The village operating system
The most distinctive feature of ReGen Villages is its technology layer. A "village OS" monitors and manages the community's energy generation, food production, water supply, and waste processing through an AI platform that learns from the data the systems produce. The OS balances energy loads in real time, routing solar generation to storage, household consumption, or community facilities based on demand patterns. It monitors crop health in the vertical farms and adjusts lighting, temperature, and nutrient delivery. It tracks water flows through the harvesting, treatment, and distribution systems.
This is not home automation. It is systems management at neighborhood scale. The AI does not control individual households. It manages the shared infrastructure that connects them, optimizing the flows between systems in ways that no manual management could achieve. As the system accumulates operational data, it learns: it identifies seasonal patterns, anticipates demand shifts, and adjusts operating parameters to improve efficiency over time.

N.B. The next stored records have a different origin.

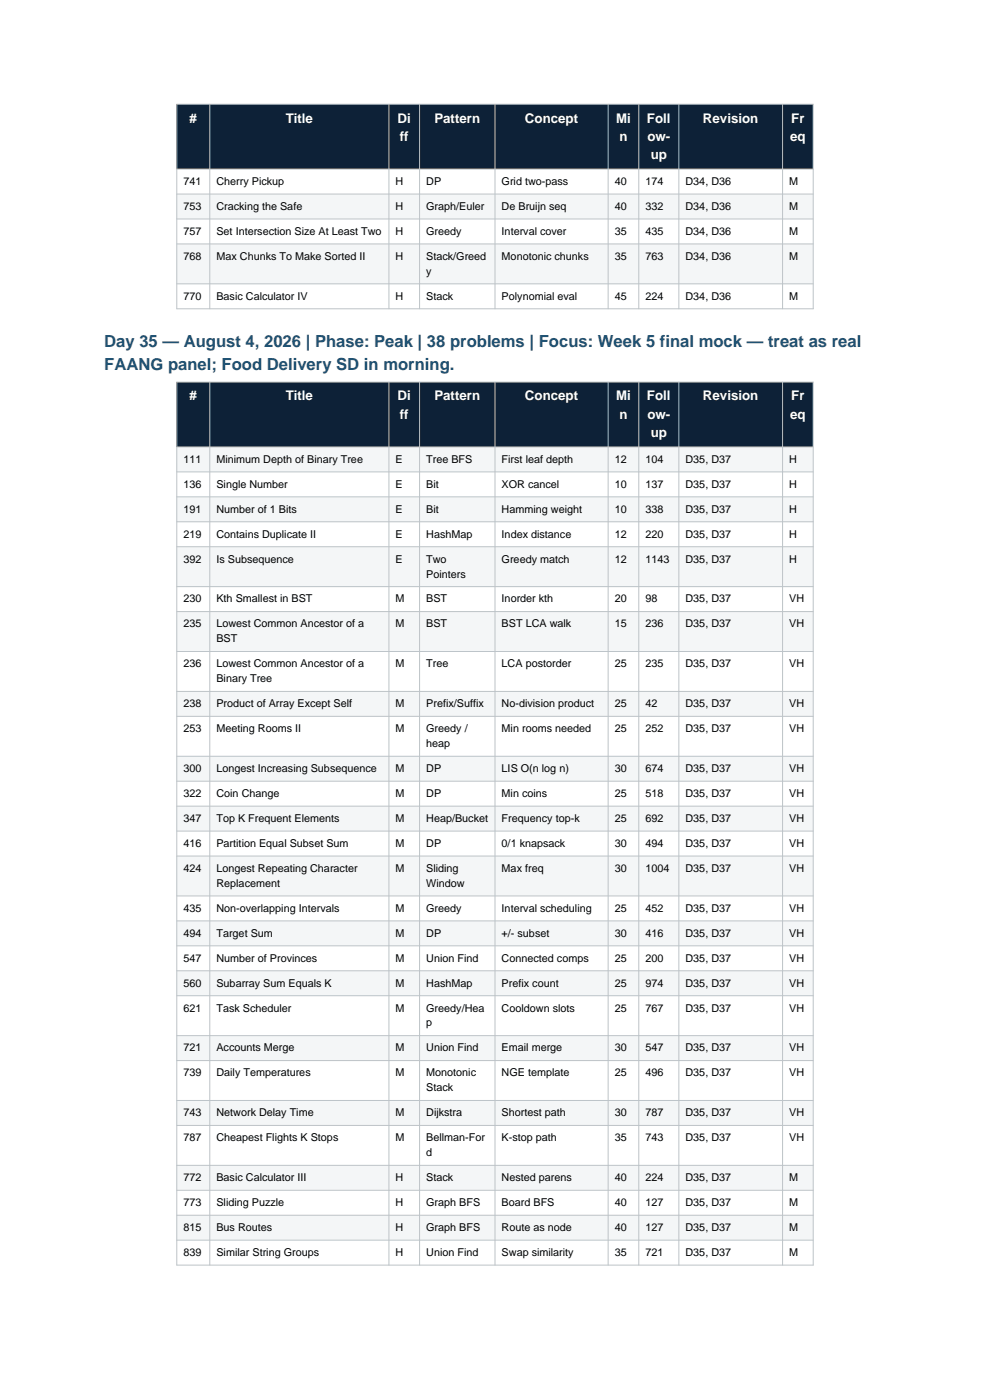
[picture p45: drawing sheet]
<svg xmlns="http://www.w3.org/2000/svg" width="210mm" height="297mm" viewBox="0 0 210 297" stroke-linecap="round" stroke-linejoin="round" font-family="sans-serif">
<defs><g id="words">
<g font-size="3.5" fill="#1a5276">
<text x="22.1" y="73.7">Day 35 — August 4, 2026 | Phase: Peak | 38 problems | Focus: Week 5 final mock — treat as real</text>
<text x="22.1" y="78.6">FAANG panel; Food Delivery SD in morning.</text>
</g>
<g font-size="2.8" fill="#fff">
<text x="40.2" y="26">#</text>
<text x="60.6" y="26">Title</text>
<text x="84.3" y="26">Di</text>
<text x="84.8" y="29.9">ff</text>
<text x="92.1" y="26">Pattern</text>
<text x="111.4" y="26">Concept</text>
<text x="130.7" y="26">Mi</text>
<text x="131.4" y="29.9">n</text>
<text x="137.2" y="26">Foll</text>
<text x="137.3" y="29.9">ow-</text>
<text x="149.1" y="26">Revision</text>
<text x="167.6" y="29.9">eq</text>
<text x="167.8" y="26">Fr</text>
<text x="138" y="33.8">up</text>
<text x="40.2" y="84.9">#</text>
<text x="60.6" y="84.9">Title</text>
<text x="84.3" y="84.9">Di</text>
<text x="84.8" y="88.8">ff</text>
<text x="92.1" y="84.9">Pattern</text>
<text x="111.4" y="84.9">Concept</text>
<text x="130.7" y="84.9">Mi</text>
<text x="131.4" y="88.8">n</text>
<text x="137.2" y="84.9">Foll</text>
<text x="137.3" y="88.8">ow-</text>
<text x="149.1" y="84.9">Revision</text>
<text x="167.6" y="88.8">eq</text>
<text x="167.8" y="84.9">Fr</text>
<text x="138" y="92.7">up</text>
</g>
<g font-size="2.3">
<text x="38.9" y="39.2">741</text>
<text x="45.9" y="39.2">Cherry Pickup</text>
<text x="83.9" y="39.2">H</text>
<text x="90.4" y="39.2">DP</text>
<text x="106.4" y="39.2">Grid two-pass</text>
<text x="130.4" y="39.2">40</text>
<text x="136.9" y="39.2">174</text>
<text x="145.4" y="39.2">D34, D36</text>
<text x="167.4" y="39.2">M</text>
<text x="38.9" y="44.5">753</text>
<text x="45.9" y="44.5">Cracking the Safe</text>
<text x="83.9" y="44.5">H</text>
<text x="90.4" y="44.5">Graph/Euler</text>
<text x="106.4" y="44.5">De Bruijn seq</text>
<text x="130.4" y="44.5">40</text>
<text x="136.9" y="44.5">332</text>
<text x="145.4" y="44.5">D34, D36</text>
<text x="167.4" y="44.5">M</text>
<text x="38.9" y="49.8">757</text>
<text x="45.9" y="49.8">Set Intersection Size At Least Two</text>
<text x="83.9" y="49.8">H</text>
<text x="90.4" y="49.8">Greedy</text>
<text x="106.4" y="49.8">Interval cover</text>
<text x="130.4" y="49.8">35</text>
<text x="136.9" y="49.8">435</text>
<text x="145.4" y="49.8">D34, D36</text>
<text x="167.4" y="49.8">M</text>
<text x="38.9" y="55.1">768</text>
<text x="45.9" y="55.1">Max Chunks To Make Sorted II</text>
<text x="83.9" y="55.1">H</text>
<text x="90.4" y="55.1">Stack/Greed</text>
<text x="90.4" y="58.3">y</text>
<text x="106.4" y="55.1">Monotonic chunks</text>
<text x="130.4" y="55.1">35</text>
<text x="136.9" y="55.1">763</text>
<text x="145.4" y="55.1">D34, D36</text>
<text x="167.4" y="55.1">M</text>
<text x="38.9" y="63.6">770</text>
<text x="45.9" y="63.6">Basic Calculator IV</text>
<text x="83.9" y="63.6">H</text>
<text x="90.4" y="63.6">Stack</text>
<text x="106.4" y="63.6">Polynomial eval</text>
<text x="130.4" y="63.6">45</text>
<text x="136.9" y="63.6">224</text>
<text x="145.4" y="63.6">D34, D36</text>
<text x="167.4" y="63.6">M</text>
<text x="38.9" y="98.2">111</text>
<text x="45.9" y="98.2">Minimum Depth of Binary Tree</text>
<text x="83.9" y="98.2">E</text>
<text x="90.4" y="98.2">Tree BFS</text>
<text x="106.4" y="98.2">First leaf depth</text>
<text x="130.4" y="98.2">12</text>
<text x="136.9" y="98.2">104</text>
<text x="145.4" y="98.2">D35, D37</text>
<text x="167.4" y="98.2">H</text>
<text x="38.9" y="103.5">136</text>
<text x="45.9" y="103.5">Single Number</text>
<text x="83.9" y="103.5">E</text>
<text x="90.4" y="103.5">Bit</text>
<text x="106.4" y="103.5">XOR cancel</text>
<text x="130.4" y="103.5">10</text>
<text x="136.9" y="103.5">137</text>
<text x="145.4" y="103.5">D35, D37</text>
<text x="167.4" y="103.5">H</text>
<text x="38.9" y="108.8">191</text>
<text x="45.9" y="108.8">Number of 1 Bits</text>
<text x="83.9" y="108.8">E</text>
<text x="90.4" y="108.8">Bit</text>
<text x="106.4" y="108.8">Hamming weight</text>
<text x="130.4" y="108.8">10</text>
<text x="136.9" y="108.8">338</text>
<text x="145.4" y="108.8">D35, D37</text>
<text x="167.4" y="108.8">H</text>
<text x="38.9" y="114">219</text>
<text x="38.9" y="119.3">392</text>
<text x="45.9" y="114">Contains Duplicate II</text>
<text x="45.9" y="119.3">Is Subsequence</text>
<text x="83.9" y="114">E</text>
<text x="83.9" y="119.3">E</text>
<text x="90.4" y="114">HashMap</text>
<text x="90.4" y="119.3">Two</text>
<text x="106.4" y="114">Index distance</text>
<text x="106.4" y="119.3">Greedy match</text>
<text x="130.4" y="114">12</text>
<text x="130.4" y="119.3">12</text>
<text x="136.9" y="114">220</text>
<text x="136.9" y="119.3">1143</text>
<text x="145.4" y="114">D35, D37</text>
<text x="145.4" y="119.3">D35, D37</text>
<text x="167.4" y="114">H</text>
<text x="167.4" y="119.3">H</text>
<text x="90.4" y="122.5">Pointers</text>
<text x="38.9" y="127.8">230</text>
<text x="45.9" y="127.8">Kth Smallest in BST</text>
<text x="83.9" y="127.8">M</text>
<text x="90.4" y="127.8">BST</text>
<text x="106.4" y="127.8">Inorder kth</text>
<text x="130.4" y="127.8">20</text>
<text x="136.9" y="127.8">98</text>
<text x="145.4" y="127.8">D35, D37</text>
<text x="167.4" y="127.8">VH</text>
<text x="38.9" y="133.1">235</text>
<text x="45.9" y="133.1">Lowest Common Ancestor of a</text>
<text x="45.9" y="136.3">BST</text>
<text x="83.9" y="133.1">M</text>
<text x="90.4" y="133.1">BST</text>
<text x="106.4" y="133.1">BST LCA walk</text>
<text x="130.4" y="133.1">15</text>
<text x="136.9" y="133.1">236</text>
<text x="145.4" y="133.1">D35, D37</text>
<text x="167.4" y="133.1">VH</text>
<text x="38.9" y="141.6">236</text>
<text x="45.9" y="141.6">Lowest Common Ancestor of a</text>
<text x="83.9" y="141.6">M</text>
<text x="90.4" y="141.6">Tree</text>
<text x="106.4" y="141.6">LCA postorder</text>
<text x="130.4" y="141.6">25</text>
<text x="136.9" y="141.6">235</text>
<text x="145.4" y="141.6">D35, D37</text>
<text x="167.4" y="141.6">VH</text>
<text x="45.9" y="144.7">Binary Tree</text>
<text x="38.9" y="150">238</text>
<text x="38.9" y="155.3">253</text>
<text x="45.9" y="150">Product of Array Except Self</text>
<text x="45.9" y="155.3">Meeting Rooms II</text>
<text x="83.9" y="150">M</text>
<text x="83.9" y="155.3">M</text>
<text x="90.4" y="150">Prefix/Suffix</text>
<text x="90.4" y="155.3">Greedy /</text>
<text x="106.4" y="150">No-division product</text>
<text x="106.4" y="155.3">Min rooms needed</text>
<text x="130.4" y="150">25</text>
<text x="130.4" y="155.3">25</text>
<text x="136.9" y="150">42</text>
<text x="136.9" y="155.3">252</text>
<text x="145.4" y="150">D35, D37</text>
<text x="145.4" y="155.3">D35, D37</text>
<text x="167.4" y="150">VH</text>
<text x="167.4" y="155.3">VH</text>
<text x="90.4" y="158.5">heap</text>
<text x="38.9" y="163.8">300</text>
<text x="45.9" y="163.8">Longest Increasing Subsequence</text>
<text x="83.9" y="163.8">M</text>
<text x="90.4" y="163.8">DP</text>
<text x="106.4" y="163.8">LIS O(n log n)</text>
<text x="130.4" y="163.8">30</text>
<text x="136.9" y="163.8">674</text>
<text x="145.4" y="163.8">D35, D37</text>
<text x="167.4" y="163.8">VH</text>
<text x="38.9" y="169.1">322</text>
<text x="45.9" y="169.1">Coin Change</text>
<text x="83.9" y="169.1">M</text>
<text x="90.4" y="169.1">DP</text>
<text x="106.4" y="169.1">Min coins</text>
<text x="130.4" y="169.1">25</text>
<text x="136.9" y="169.1">518</text>
<text x="145.4" y="169.1">D35, D37</text>
<text x="167.4" y="169.1">VH</text>
<text x="38.9" y="174.4">347</text>
<text x="38.9" y="179.7">416</text>
<text x="45.9" y="174.4">Top K Frequent Elements</text>
<text x="45.9" y="179.7">Partition Equal Subset Sum</text>
<text x="83.9" y="174.4">M</text>
<text x="83.9" y="179.7">M</text>
<text x="90.4" y="174.4">Heap/Bucket</text>
<text x="90.4" y="179.7">DP</text>
<text x="106.4" y="174.4">Frequency top-k</text>
<text x="106.4" y="179.7">0/1 knapsack</text>
<text x="130.4" y="174.4">25</text>
<text x="130.4" y="179.7">30</text>
<text x="136.9" y="174.4">692</text>
<text x="136.9" y="179.7">494</text>
<text x="145.4" y="174.4">D35, D37</text>
<text x="145.4" y="179.7">D35, D37</text>
<text x="167.4" y="174.4">VH</text>
<text x="167.4" y="179.7">VH</text>
<text x="38.9" y="185">424</text>
<text x="45.9" y="185">Longest Repeating Character</text>
<text x="83.9" y="185">M</text>
<text x="90.4" y="185">Sliding</text>
<text x="106.4" y="185">Max freq</text>
<text x="130.4" y="185">30</text>
<text x="136.9" y="185">1004</text>
<text x="145.4" y="185">D35, D37</text>
<text x="167.4" y="185">VH</text>
<text x="45.9" y="188.1">Replacement</text>
<text x="90.4" y="188.1">Window</text>
<text x="38.9" y="193.4">435</text>
<text x="45.9" y="193.4">Non-overlapping Intervals</text>
<text x="83.9" y="193.4">M</text>
<text x="90.4" y="193.4">Greedy</text>
<text x="106.4" y="193.4">Interval scheduling</text>
<text x="130.4" y="193.4">25</text>
<text x="136.9" y="193.4">452</text>
<text x="145.4" y="193.4">D35, D37</text>
<text x="167.4" y="193.4">VH</text>
<text x="38.9" y="198.7">494</text>
<text x="45.9" y="198.7">Target Sum</text>
<text x="83.9" y="198.7">M</text>
<text x="90.4" y="198.7">DP</text>
<text x="106.4" y="198.7">+/- subset</text>
<text x="130.4" y="198.7">30</text>
<text x="136.9" y="198.7">416</text>
<text x="145.4" y="198.7">D35, D37</text>
<text x="167.4" y="198.7">VH</text>
<text x="38.9" y="204">547</text>
<text x="38.9" y="209.3">560</text>
<text x="45.9" y="204">Number of Provinces</text>
<text x="45.9" y="209.3">Subarray Sum Equals K</text>
<text x="83.9" y="204">M</text>
<text x="83.9" y="209.3">M</text>
<text x="90.4" y="204">Union Find</text>
<text x="90.4" y="209.3">HashMap</text>
<text x="106.4" y="204">Connected comps</text>
<text x="106.4" y="209.3">Prefix count</text>
<text x="130.4" y="204">25</text>
<text x="130.4" y="209.3">25</text>
<text x="136.9" y="204">200</text>
<text x="136.9" y="209.3">974</text>
<text x="145.4" y="204">D35, D37</text>
<text x="145.4" y="209.3">D35, D37</text>
<text x="167.4" y="204">VH</text>
<text x="167.4" y="209.3">VH</text>
<text x="38.9" y="214.6">621</text>
<text x="45.9" y="214.6">Task Scheduler</text>
<text x="83.9" y="214.6">M</text>
<text x="90.4" y="214.6">Greedy/Hea</text>
<text x="106.4" y="214.6">Cooldown slots</text>
<text x="130.4" y="214.6">25</text>
<text x="136.9" y="214.6">767</text>
<text x="145.4" y="214.6">D35, D37</text>
<text x="167.4" y="214.6">VH</text>
<text x="90.4" y="217.8">p</text>
<text x="38.9" y="223.1">721</text>
<text x="45.9" y="223.1">Accounts Merge</text>
<text x="83.9" y="223.1">M</text>
<text x="90.4" y="223.1">Union Find</text>
<text x="106.4" y="223.1">Email merge</text>
<text x="130.4" y="223.1">30</text>
<text x="136.9" y="223.1">547</text>
<text x="145.4" y="223.1">D35, D37</text>
<text x="167.4" y="223.1">VH</text>
<text x="38.9" y="228.3">739</text>
<text x="45.9" y="228.3">Daily Temperatures</text>
<text x="83.9" y="228.3">M</text>
<text x="90.4" y="228.3">Monotonic</text>
<text x="90.4" y="231.5">Stack</text>
<text x="106.4" y="228.3">NGE template</text>
<text x="130.4" y="228.3">25</text>
<text x="136.9" y="228.3">496</text>
<text x="145.4" y="228.3">D35, D37</text>
<text x="167.4" y="228.3">VH</text>
<text x="38.9" y="236.8">743</text>
<text x="45.9" y="236.8">Network Delay Time</text>
<text x="83.9" y="236.8">M</text>
<text x="90.4" y="236.8">Dijkstra</text>
<text x="106.4" y="236.8">Shortest path</text>
<text x="130.4" y="236.8">30</text>
<text x="136.9" y="236.8">787</text>
<text x="145.4" y="236.8">D35, D37</text>
<text x="167.4" y="236.8">VH</text>
<text x="38.9" y="242.1">787</text>
<text x="45.9" y="242.1">Cheapest Flights K Stops</text>
<text x="83.9" y="242.1">M</text>
<text x="90.4" y="242.1">Bellman-For</text>
<text x="90.4" y="245.3">d</text>
<text x="106.4" y="242.1">K-stop path</text>
<text x="130.4" y="242.1">35</text>
<text x="136.9" y="242.1">743</text>
<text x="145.4" y="242.1">D35, D37</text>
<text x="167.4" y="242.1">VH</text>
<text x="38.9" y="250.6">772</text>
<text x="45.9" y="250.6">Basic Calculator III</text>
<text x="83.9" y="250.6">H</text>
<text x="90.4" y="250.6">Stack</text>
<text x="106.4" y="250.6">Nested parens</text>
<text x="130.4" y="250.6">40</text>
<text x="136.9" y="250.6">224</text>
<text x="145.4" y="250.6">D35, D37</text>
<text x="167.4" y="250.6">M</text>
<text x="38.9" y="255.9">773</text>
<text x="45.9" y="255.9">Sliding Puzzle</text>
<text x="83.9" y="255.9">H</text>
<text x="90.4" y="255.9">Graph BFS</text>
<text x="106.4" y="255.9">Board BFS</text>
<text x="130.4" y="255.9">40</text>
<text x="136.9" y="255.9">127</text>
<text x="145.4" y="255.9">D35, D37</text>
<text x="167.4" y="255.9">M</text>
<text x="38.9" y="261.2">815</text>
<text x="45.9" y="261.2">Bus Routes</text>
<text x="83.9" y="261.2">H</text>
<text x="90.4" y="261.2">Graph BFS</text>
<text x="106.4" y="261.2">Route as node</text>
<text x="130.4" y="261.2">40</text>
<text x="136.9" y="261.2">127</text>
<text x="145.4" y="261.2">D35, D37</text>
<text x="167.4" y="261.2">M</text>
<text x="38.9" y="266.4">839</text>
<text x="45.9" y="266.4">Similar String Groups</text>
<text x="83.9" y="266.4">H</text>
<text x="90.4" y="266.4">Union Find</text>
<text x="106.4" y="266.4">Swap similarity</text>
<text x="130.4" y="266.4">35</text>
<text x="136.9" y="266.4">721</text>
<text x="145.4" y="266.4">D35, D37</text>
<text x="167.4" y="266.4">M</text>
</g>
</g></defs>
<path d="M37.5 22.1h135v13.8h-135z" fill-rule="evenodd" fill="#0d2137"/>
<path d="M37.5 35.9h135v5.3h-135z" fill-rule="evenodd" fill="#fff"/>
<path d="M37.5 41.2h135v5.3h-135z" fill-rule="evenodd" fill="#f4f6f7"/>
<path d="M37.5 46.5h135v5.2h-135z" fill-rule="evenodd" fill="#fff"/>
<path d="M37.5 51.7h135v8.5h-135z" fill-rule="evenodd" fill="#f4f6f7"/>
<path d="M37.5 60.2h135v5.3h-135z" fill-rule="evenodd" fill="#fff"/>
<g fill="none" stroke="#bdc3c7" stroke-width=".21">
<path d="M37.5 22.1h135v43.4h-135zM37.5 35.9h135M44.5 22.1v43.4M82.5 22.1v43.4M89 22.1v43.4M105 22.1v43.4M129 22.1v43.4M135.5 22.1v43.4M144 22.1v43.4M166 22.1v43.4M37.5 41.2h135M37.5 46.5h135"/>
<path d="M37.5 51.7h135M37.5 60.2h135"/>
</g>
<path d="M37.5 81.1h135v13.7h-135z" fill-rule="evenodd" fill="#0d2137"/>
<path d="M37.5 94.8h135v5.3h-135z" fill-rule="evenodd" fill="#f4f6f7"/>
<path d="M37.5 100.1h135v5.3h-135z" fill-rule="evenodd" fill="#fff"/>
<path d="M37.5 105.4h135v5.3h-135z" fill-rule="evenodd" fill="#f4f6f7"/>
<path d="M37.5 110.7h135v5.3h-135z" fill-rule="evenodd" fill="#fff"/>
<path d="M37.5 116h135v8.5h-135z" fill-rule="evenodd" fill="#f4f6f7"/>
<path d="M37.5 124.5h135v5.2h-135z" fill-rule="evenodd" fill="#fff"/>
<path d="M37.5 129.7h135v8.5h-135z" fill-rule="evenodd" fill="#f4f6f7"/>
<path d="M37.5 138.2h135v8.5h-135z" fill-rule="evenodd" fill="#fff"/>
<path d="M37.5 146.7h135v5.3h-135z" fill-rule="evenodd" fill="#f4f6f7"/>
<path d="M37.5 152h135v8.4h-135z" fill-rule="evenodd" fill="#fff"/>
<path d="M37.5 160.4h135v5.3h-135z" fill-rule="evenodd" fill="#f4f6f7"/>
<path d="M37.5 165.7h135v5.3h-135z" fill-rule="evenodd" fill="#fff"/>
<path d="M37.5 171h135v5.3h-135z" fill-rule="evenodd" fill="#f4f6f7"/>
<path d="M37.5 176.3h135v5.3h-135z" fill-rule="evenodd" fill="#fff"/>
<path d="M37.5 181.6h135v8.5h-135z" fill-rule="evenodd" fill="#f4f6f7"/>
<path d="M37.5 190.1h135v5.3h-135z" fill-rule="evenodd" fill="#fff"/>
<path d="M37.5 195.4h135v5.3h-135z" fill-rule="evenodd" fill="#f4f6f7"/>
<path d="M37.5 200.7h135v5.2h-135z" fill-rule="evenodd" fill="#fff"/>
<path d="M37.5 205.9h135v5.3h-135z" fill-rule="evenodd" fill="#f4f6f7"/>
<path d="M37.5 211.2h135v8.5h-135z" fill-rule="evenodd" fill="#fff"/>
<path d="M37.5 219.7h135v5.3h-135z" fill-rule="evenodd" fill="#f4f6f7"/>
<path d="M37.5 225h135v8.5h-135z" fill-rule="evenodd" fill="#fff"/>
<path d="M37.5 233.5h135v5.3h-135z" fill-rule="evenodd" fill="#f4f6f7"/>
<path d="M37.5 238.8h135v8.4h-135z" fill-rule="evenodd" fill="#fff"/>
<path d="M37.5 247.2h135v5.3h-135z" fill-rule="evenodd" fill="#f4f6f7"/>
<path d="M37.5 252.5h135v5.3h-135z" fill-rule="evenodd" fill="#fff"/>
<path d="M37.5 257.8h135v5.3h-135z" fill-rule="evenodd" fill="#f4f6f7"/>
<path d="M37.5 263.1h135v5.3h-135z" fill-rule="evenodd" fill="#fff"/>
<g fill="none" stroke="#bdc3c7" stroke-width=".21">
<path d="M37.5 81.1h135v187.3h-135zM37.5 94.8h135M44.5 81.1v187.3M82.5 81.1v187.3M89 81.1v187.3M105 81.1v187.3M129 81.1v187.3M135.5 81.1v187.3M144 81.1v187.3M166 81.1v187.3M37.5 100.1h135M37.5 105.4h135"/>
<path d="M37.5 110.7h135M37.5 116h135M37.5 124.5h135M37.5 129.7h135M37.5 138.2h135M37.5 146.7h135M37.5 152h135M37.5 160.4h135M37.5 165.7h135M37.5 171h135M37.5 176.3h135M37.5 181.6h135"/>
<path d="M37.5 190.1h135M37.5 195.4h135M37.5 200.7h135M37.5 205.9h135M37.5 211.2h135M37.5 219.7h135M37.5 225h135M37.5 233.5h135M37.5 238.8h135M37.5 247.2h135M37.5 252.5h135M37.5 257.8h135"/>
<path d="M37.5 263.1h135"/>
</g>
<use href="#words"/>
</svg>

Design from first principles
The ReGen Villages concept was developed using SiD's approach to design from first principles. Instead of starting with conventional residential typologies and adding sustainability features, the design team started with the question: what does a community of 203 households need, and how can those needs be met through circular, regenerative systems?
Except developed the circularity plan, urban metabolism analysis, urban masterplan, architectural typologies, and landscape design. Each design decision was evaluated against its effect on the whole system, not just its performance in isolation. A roof design, for example, was assessed for its solar generation potential, its rainwater harvesting capacity, its thermal performance, and its visual integration with the landscape. These are not competing criteria when the design process treats them as connected from the start.

What community scale makes possible
ReGen Villages demonstrates something that individual green buildings cannot: the performance gains available at community scale. A single house with solar panels and a rainwater tank achieves modest improvements. Two hundred houses sharing a managed energy grid, a food production system, a water cycle, and an AI optimization layer achieve performance levels that are qualitatively different.
This is because the interactions between systems create value that no individual system can produce alone. Solar energy powers the vertical farms. The vertical farms produce food waste that feeds the aquaculture. The aquaculture produces nutrient-rich water that irrigates the crops. Each loop reduces external inputs and eliminates waste streams. At individual building scale, these loops are too small to be economically viable. At community scale, they become the foundation of a self-reinforcing system that improves with time.
The ReGen concept has attracted global attention, featured in Fast Company, the Guardian, and architectural media worldwide. But the attention matters less than the proof of concept. If a regenerative, AI-managed community can work at Oosterwold, the model can be adapted to other contexts: different climates, different cultures, different regulatory environments. The design principles are universal. The implementation details are local. And the performance data, generated by the village OS from day one, provides the evidence base for scaling.